Hatırlanacağı üzere Varlık Fonu 16 Ağustos 2016’da, yani 15 Temmuz darbe girişiminde hemen sonra kuruldu ve o ağır gündem nedeniyle de kamuoyunun gündemine hiç gelmedi, tartışılmadı…
Yani Varlık Fonu, Saray ve AKP Hükümeti’nin darbe girişimini fırsat bilerek yaptığı işlerden biriydi…
Dahası, Saray’ın ekonomi başdanışmanı Yiğit Bulut da Varlık Fonu’na yönetici atanmış durumda!
Yani Varlık Fonu ile devlete paralel ikinci bir hazine kurulmuş ve Yiğit Bulut üzerinden bu hazine Saray’a bağlanmış durumda!
Ve Saray’ın yeni hazinesi, Saray’a uygun yöntemlerle “güvenceye” alınmış durumda!
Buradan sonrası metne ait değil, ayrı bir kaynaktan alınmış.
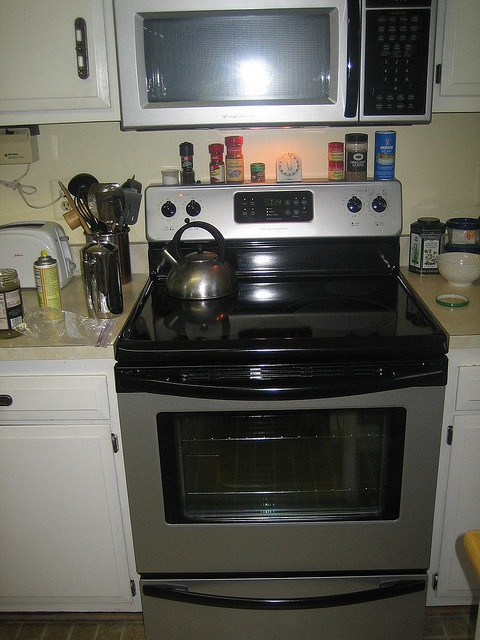Describe the objects in this image and their specific colors. I can see oven in gray, black, and darkgray tones, microwave in gray, black, darkgray, and lightgray tones, bowl in gray tones, spoon in gray, black, and darkgreen tones, and spoon in gray, black, and darkgreen tones in this image. 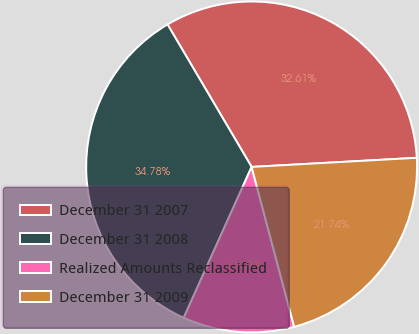<chart> <loc_0><loc_0><loc_500><loc_500><pie_chart><fcel>December 31 2007<fcel>December 31 2008<fcel>Realized Amounts Reclassified<fcel>December 31 2009<nl><fcel>32.61%<fcel>34.78%<fcel>10.87%<fcel>21.74%<nl></chart> 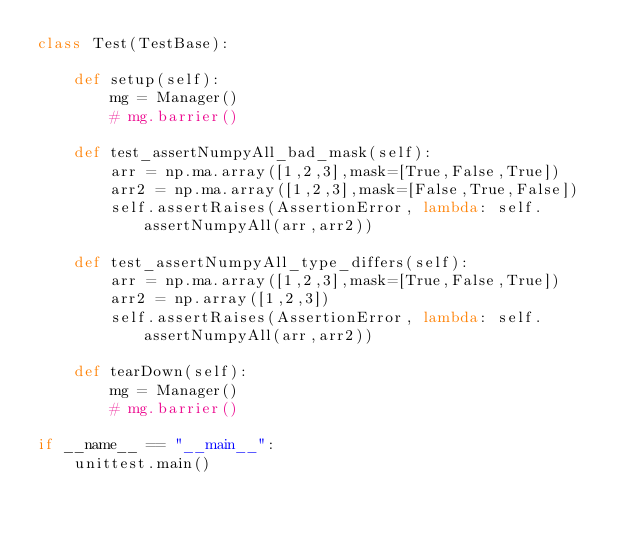Convert code to text. <code><loc_0><loc_0><loc_500><loc_500><_Python_>class Test(TestBase):

    def setup(self):
        mg = Manager()
        # mg.barrier()

    def test_assertNumpyAll_bad_mask(self):
        arr = np.ma.array([1,2,3],mask=[True,False,True])
        arr2 = np.ma.array([1,2,3],mask=[False,True,False])
        self.assertRaises(AssertionError, lambda: self.assertNumpyAll(arr,arr2))
            
    def test_assertNumpyAll_type_differs(self):
        arr = np.ma.array([1,2,3],mask=[True,False,True])
        arr2 = np.array([1,2,3])
        self.assertRaises(AssertionError, lambda: self.assertNumpyAll(arr,arr2))

    def tearDown(self):
        mg = Manager()
        # mg.barrier()

if __name__ == "__main__":
    unittest.main()</code> 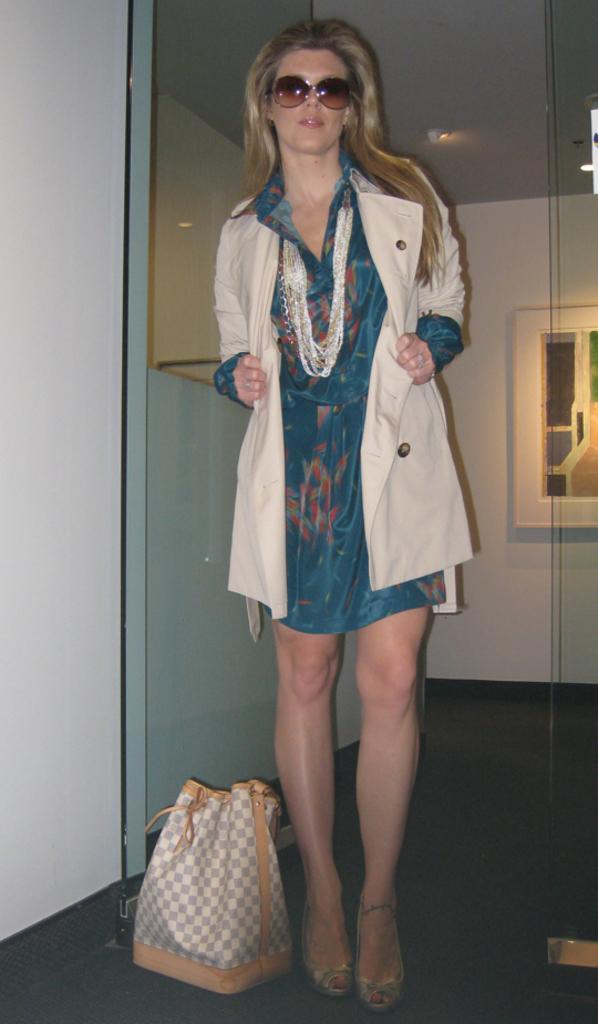In one or two sentences, can you explain what this image depicts? In this image there is a woman standing on the floor. There is a bag beside the woman. At the background there is wall. The woman is wearing jacket and spectacles. 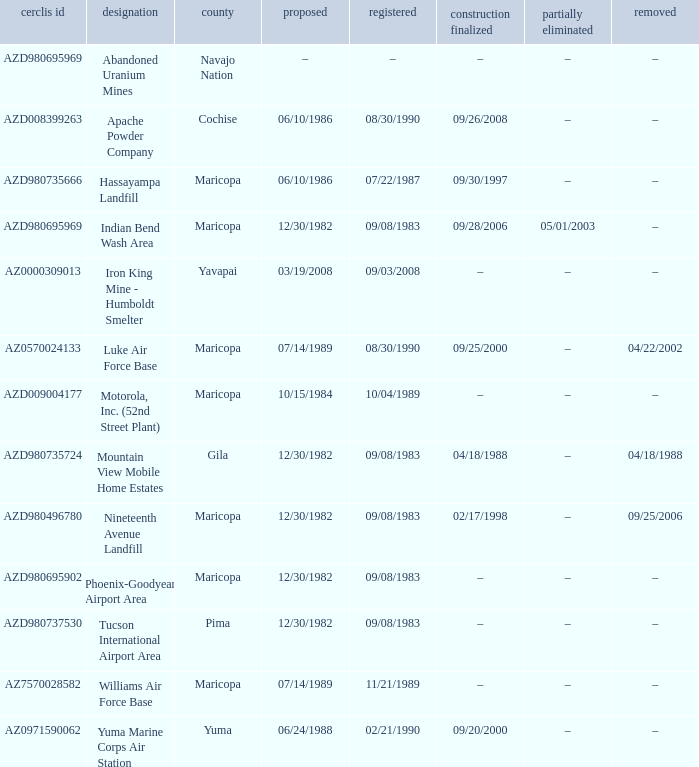What is the cerclis id when the site was proposed on 12/30/1982 and was partially deleted on 05/01/2003? AZD980695969.

Varlık Fonu bünyesindeki şirketler Sayıştay’ın denetimine tabi değil! Ayrıca gelir ve kurumlar vergisinden de muaflar!
Yani denetlenmeyen başkanlık isteyen Saray, şimdiden denetlenmeyen hazine inşa etmiş durumda!

Sırf bu gelişme bile, emekçi halkların başkanlığa hayır demesi için yeterlidir.